I arrive at Waterlow Park in Highgate in just under twenty minutes. On the bridge, I retrieve the weapon from my handbag, which I wrapped and secured in a terry tea towel and a brick to give it extra weight, and drop it into the lake. Job done.

‘How’d it go, Bette Davis?’ Linda yells over the thunder of several kanga drills, the moment I step into Zelda’s lounge for our Monday morning meeting.

‘What?’ I say tetchily, inhaling a fug of musky smoke, cheap air freshener and the slight mist of doom. ‘What’s an old Hollywood movie star got to do with anything?’

‘Great disguise,’ Zelda smiles, pointing at my face, and it is only then I realise that in my haste to get away from an old chatty couple, with two barking dogs, at the exit gate of Waterlow Park half an hour ago, I forgot to remove my head scarf and dark glasses when I climbed into my car and I now look like a Hollywood diva.

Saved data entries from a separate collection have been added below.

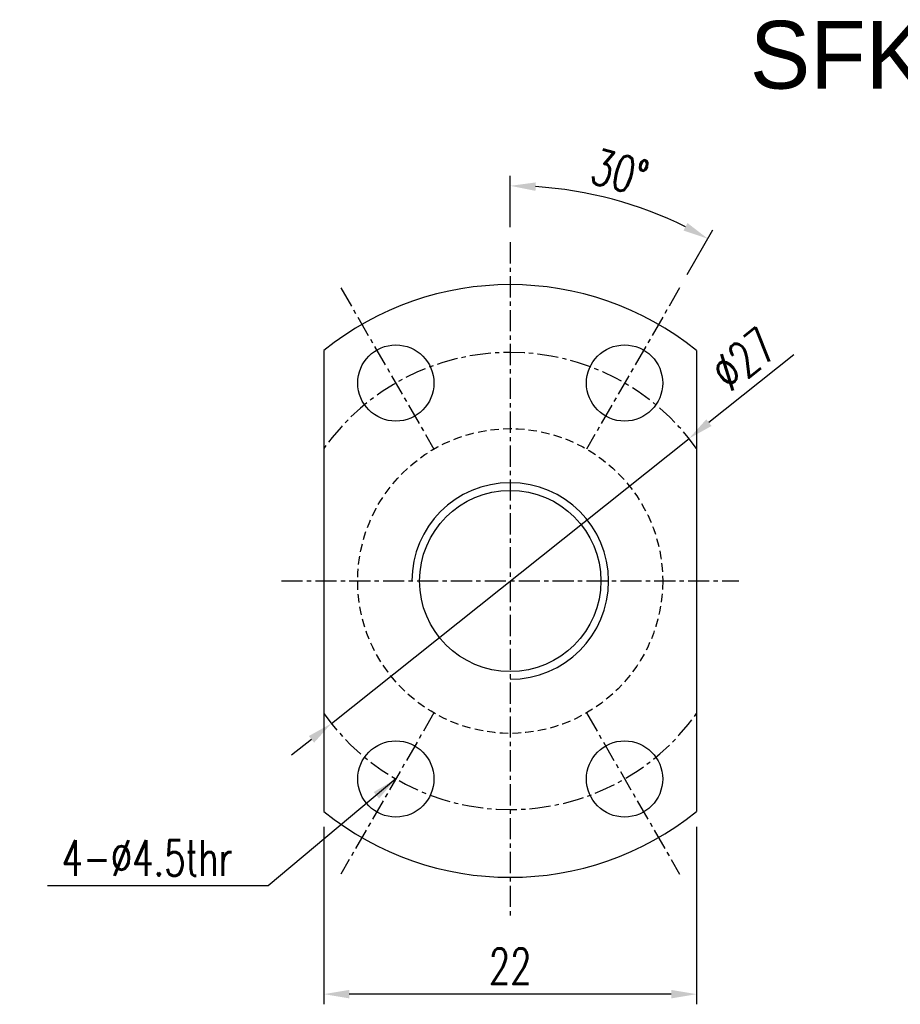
# Model space of a CAD drawing. Extents: x 55 to 159, y 66 to 127.
# Tile 1 of 51: x 55 to 107, y 69 to 127. Entities that reach past the tile are written whole.
import ezdxf

# ---------------------------------------------------------------- set-up
doc = ezdxf.new("R2010")
doc.units = 0
doc.header["$MEASUREMENT"] = 0
doc.header["$PDMODE"] = 1
for name, pattern in [('CENTER', [2, 1.25, -0.25, 0.25, -0.25]), ('DASHED', [0.75, 0.5, -0.25]), ('PH-20', [23.2, 20, -1, 0.1, -1, 0.1, -1])]:
    doc.linetypes.add(name, pattern=pattern)
doc.layers.get('DEFPOINTS').update_dxf_attribs({"linetype": 'PH-20'})
doc.layers.add('DIM', color=4, linetype='CONTINUOUS')
doc.layers.add('MAIN', color=7, linetype='CONTINUOUS')
doc.styles.add('DIM-7', font='SIMPLEX.shx', dxfattribs={"width": 0.7, "bigfont": 'chineset.shx'})
doc.dimstyles.new('CNS', dxfattribs={"dimtxt": 3.5, "dimasz": 2.5, "dimexe": 1, "dimexo": 1.5, "dimgap": 0.09, "dimtad": 0, "dimdsep": 46, "dimtxsty": 'DIM-7', "dimcen": 0.09, "dimclrd": 1, "dimclre": 1, "dimclrt": 4, "dimadec": 0, "dimazin": 0, "dimtfac": 1, "dimtix": 1, "dimtmove": 2, "dimatfit": 3, "dimfxl": 1, "dimtvp": 0.971429, "dimtolj": 1, "dimarcsym": 0})

# ---------------------------------------------------------------- blocks, each defined once
blk = doc.blocks.new('*D7')
at = {"layer": 'DEFPOINTS', "color": 0, "transparency": 16777216}
for p in [(73.05, 80.223), (95.05, 80.223), (73.05, 69.435)]:
    blk.add_point(p, dxfattribs=at)
at = {"layer": 'DIM', "color": 7, "lineweight": -2, "transparency": 16777216}
for p, q in [((73.05, 79.323), (73.05, 68.835)), ((95.05, 79.323), (95.05, 68.835)), ((93.55, 69.435), (74.55, 69.435))]:
    blk.add_line(p, q, dxfattribs=at)
at = {"layer": 'DIM', "color": 7, "transparency": 16777216}
for points in [[(74.55, 69.685), (74.55, 69.185), (73.05, 69.435)], [(93.55, 69.685), (93.55, 69.185), (95.05, 69.435)]]:
    blk.add_solid(points, dxfattribs=at)
at = {"layer": 'DIM', "color": 7, "transparency": 16777216, "insert": (84.05, 71.085), "char_height": 2.1, "attachment_point": 5, "style": 'DIM-7'}
blk.add_mtext('\\A1;22', dxfattribs=at)
blk = doc.blocks.new('*D6')
at = {"layer": 'DEFPOINTS', "color": 0, "transparency": 16777216}
for p in [(94.605, 102.25), (73.494, 85.418)]:
    blk.add_point(p, dxfattribs=at)
at = {"layer": 'DIM', "color": 7, "lineweight": -2, "transparency": 16777216}
for p, q in [((100.79, 107.181), (95.778, 103.185)), ((73.494, 85.418), (94.605, 102.25)), ((72.321, 84.483), (71.148, 83.547))]:
    blk.add_line(p, q, dxfattribs=at)
at = {"layer": 'DIM', "color": 7, "transparency": 16777216}
for points in [[(95.622, 103.381), (95.934, 102.99), (94.605, 102.25)], [(72.165, 84.678), (72.477, 84.287), (73.494, 85.418)]]:
    blk.add_solid(points, dxfattribs=at)
at = {"layer": 'DIM', "color": 7, "transparency": 16777216, "insert": (97.842, 106.941), "char_height": 2.1, "attachment_point": 5, "rotation": 38.56643, "style": 'DIM-7'}
blk.add_mtext('\\A1;∅27', dxfattribs=at)
blk = doc.blocks.new('*D5')
at = {"layer": 'DEFPOINTS', "color": 0, "transparency": 16777216}
for p in [(92.031, 115.762), (84.05, 113.834), (94.05, 111.154), (88.55, 101.628), (84.05, 73.834)]:
    blk.add_point(p, dxfattribs=at)
at = {"layer": 'DIM', "color": 7, "lineweight": -2, "transparency": 16777216}
for p, q in [((84.05, 114.734), (84.05, 117.769)), ((94.5, 111.934), (96.017, 114.563))]:
    blk.add_line(p, q, dxfattribs=at)
blk.add_arc((84.05, 93.834), 23.335, 63.6836, 86.3164, dxfattribs=at)
at = {"layer": 'DIM', "color": 7, "transparency": 16777216}
for points in [[(85.541, 116.871), (85.557, 117.371), (84.05, 117.169)], [(94.513, 114.971), (94.277, 114.53), (95.717, 114.043)]]:
    blk.add_solid(points, dxfattribs=at)
at = {"layer": 'DIM', "color": 7, "transparency": 16777216, "insert": (90.516, 117.968), "char_height": 2.1, "attachment_point": 5, "rotation": 345, "style": 'DIM-7'}
blk.add_mtext('\\A1;30°', dxfattribs=at)

msp = doc.modelspace()

# ---------------------------------------------------------------- linework, layer by layer
at = {"layer": 'DIM', "color": 7}
msp.add_arc((84.05, 93.834), 5.805, 270, 180, dxfattribs=at)
at = {"layer": 'MAIN', "color": 7, "linetype": 'CENTER'}
for p, q in [((84.05, 113.834), (84.05, 73.834)), ((74.05, 111.154), (79.55, 101.628)), ((94.05, 111.154), (88.55, 101.628)), ((70.55, 93.834), (97.55, 93.834)), ((79.55, 86.04), (74.05, 76.513)), ((88.55, 86.04), (94.05, 76.513))]:
    msp.add_line(p, q, dxfattribs=at)
at = {"layer": 'MAIN', "color": 7, "linetype": 'Continuous'}
for p, q in [((73.05, 107.444), (73.05, 80.223)), ((95.05, 107.444), (95.05, 80.223))]:
    msp.add_line(p, q, dxfattribs=at)
for centre, radius in [((77.3, 105.525), 2.25), ((90.8, 105.525), 2.25), ((84.05, 93.834), 5.35), ((77.3, 82.142), 2.25), ((90.8, 82.142), 2.25)]:
    msp.add_circle(centre, radius, dxfattribs=at)
at = {"layer": 'MAIN', "color": 7, "linetype": 'DASHED'}
msp.add_circle((84.05, 93.834), 9, dxfattribs=at)
at = {"layer": 'MAIN', "color": 7, "linetype": 'Continuous'}
for start, end in [(51.0552, 128.9448), (231.0552, 308.9448)]:
    msp.add_arc((84.05, 93.834), 17.5, start, end, dxfattribs=at)
at = {"layer": 'MAIN', "color": 7, "linetype": 'CENTER'}
for start, end in [(35.43094, 144.56906), (215.43094, 324.56906)]:
    msp.add_arc((84.05, 93.834), 13.5, start, end, dxfattribs=at)

# ---------------------------------------------------------------- texts
at = {"layer": 'DIM', "color": 0, "insert": (98.19, 126.91), "char_height": 4, "width": 77.16893, "attachment_point": 1}
msp.add_mtext('SFK01002', dxfattribs=at)
at = {"layer": 'DIM', "color": 7, "insert": (67.661, 77.479), "char_height": 2.1, "attachment_point": 6, "style": 'DIM-7'}
msp.add_mtext('\\A1;4-%%C4.5thr', dxfattribs=at)

# ---------------------------------------------------------------- dimensions: what is measured, and where the dimension line sits
at = {"layer": 'DIM', "color": 7}
dim = msp.add_angular_dim_2l(base=(92.031, 115.762), line1=((84.05, 113.834), (84.05, 73.834)), line2=((94.05, 111.154), (88.55, 101.628)), dimstyle='CNS', override={"dimscale": 0.6, "dimgap": 1, "dimtad": 1, "dimclrd": 7, "dimclre": 7, "dimclrt": 7, "dimtp": -0.006, "dimtm": 0.017, "dimtfac": 0.6, "dimtdec": 4, "dimtmove": 1}, dxfattribs=at)
dim.commit()
dim.dimension.update_dxf_attribs({"geometry": '*D5', "text_midpoint": (90.516, 117.968)})
dim = msp.add_diameter_dim_2p(p1=(73.494, 85.418), p2=(94.605, 102.25), dimstyle='CNS', override={"dimscale": 0.6, "dimgap": 1, "dimtad": 1, "dimclrd": 7, "dimclre": 4, "dimclrt": 7, "dimadec": 2, "dimazin": 2, "dimtmove": 1}, dxfattribs=at)
dim.commit()
dim.dimension.update_dxf_attribs({"geometry": '*D6', "text_midpoint": (97.842, 106.941)})
dim = msp.add_linear_dim(base=(73.05, 69.435), p1=(95.05, 80.223), p2=(73.05, 80.223), dimstyle='CNS', override={"dimscale": 0.6, "dimgap": 1, "dimtad": 1, "dimclrd": 7, "dimclre": 7, "dimclrt": 7, "dimtp": -0.006, "dimtm": 0.017, "dimtfac": 0.6, "dimtdec": 4, "dimtmove": 1}, dxfattribs=at)
dim.commit()
dim.dimension.update_dxf_attribs({"geometry": '*D7', "text_midpoint": (84.05, 71.085)})

# ---------------------------------------------------------------- leaders
at = {"layer": 'DIM', "color": 7, "annotation_type": 0, "has_hookline": 1, "hookline_direction": 1, "text_width": 10.92}
msp.add_leader([(77.3, 82.142), (69.761, 75.829), (68.261, 75.829)], dimstyle='CNS', override={"dimscale": 0.6, "dimgap": 1, "dimtad": 1, "dimclrd": 7, "dimclre": 4, "dimclrt": 7, "dimadec": 2, "dimazin": 2, "dimtmove": 1}, dxfattribs=at)

doc.saveas('drawing.dxf')

‘Everything okay?’ Linda is sitting in an armchair, glasses perched on the bridge of her nose, iPad in hand. ‘No one saw you, right?’ I hesitate, for a nanosecond. I can’t tell them about the frantic dogs and the elderly couple. It might make them anxious. ‘How’s the injury? Is that why you’re wearing the sunnies? Sorry, I didn’t think.’

‘It’s just a scratch,’ I say, dismissively, ‘concealer is a godsend.’ I look at two flowery mugs on the coffee table, trembling from the vibration of a blaring dumper going up the shared driveway. ‘Everything went to plan,’ I confirm, pulling off my sunglasses and untying my headscarf. ‘No one saw me.’

‘Well, you should try telling your face that,’ Linda snuffles.

‘Sorry, Linda. I barely slept.’

‘How’re you feeling after the fall?’ Zelda asks. I tell her that I’m fine now. It was a fuss over nothing. ‘And you’re definitely sure no one saw you in the park.’ Zelda looks at me anxiously.

‘Yesss,’ I hiss, annoyed. The dog owners saw me in the park, but they didn’t witness me chucking the weapon into the lake. So, technically, I’m not lying. ‘The letter opener has vanished.’